Anche perché in tanti sono costretti a fare i conti con una situazione economica difficile, che lascia poco spazio alla beneficienza. E poi ci sono le nuove emergenze: il terremoto che ha colpito Siria e Turchia richiede un nuovo impegno economico in sostegno di popolazioni in grande difficoltà. E poi ci sono le difficoltà burocratiche». Nessuna semplificazione? «Nella gestione dell’accoglienza lo Stato ha fallito completamente. A conti fatti è stato il Terzo Settore, in tutte le sue articolazioni, ad assorbire il colpo della fase emergenziale. E nonostante questo non c’è stato mai un reale confronto su problemi e necessità, anzi in qualche caso si sono verificate situazioni paradossali.

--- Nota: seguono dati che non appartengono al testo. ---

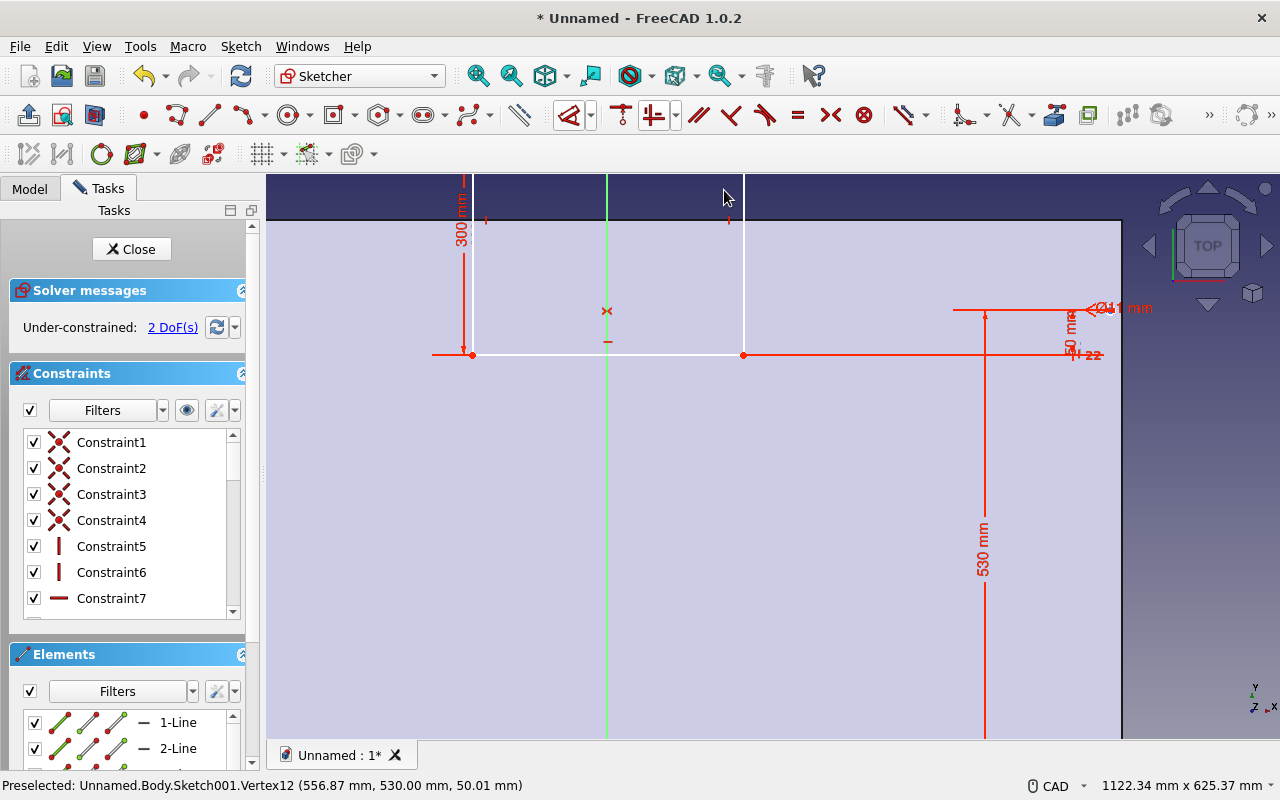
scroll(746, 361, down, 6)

Si pensi che alcuni bandi richiedevano la messa a disposizione di strutture vuote, mentre quegli spazi erano già occupati dai rifugiati: paradossalmente avremmo dovuto mettere in strada chi era stato accolto per accedere ai bandi e quindi alle risorse.
E questo corto circuito dura ancora: entro il prossimo 4 marzo scadranno molti dei permessi di soggiorno concessi ai rifugiati, ne è stata già decretata la proroga fino al 31 dicembre, tuttavia non ci sono indicazioni sulla procedura di attuazione.
Cosa succederà? Che si arriverà all’ultimo momento utile e gli uffici saranno travolti da un sovraccarico di lavoro che li metterà in crisi, con evidenti disagi per gli uffici stessi e per le strutture che assistono i rifugiati».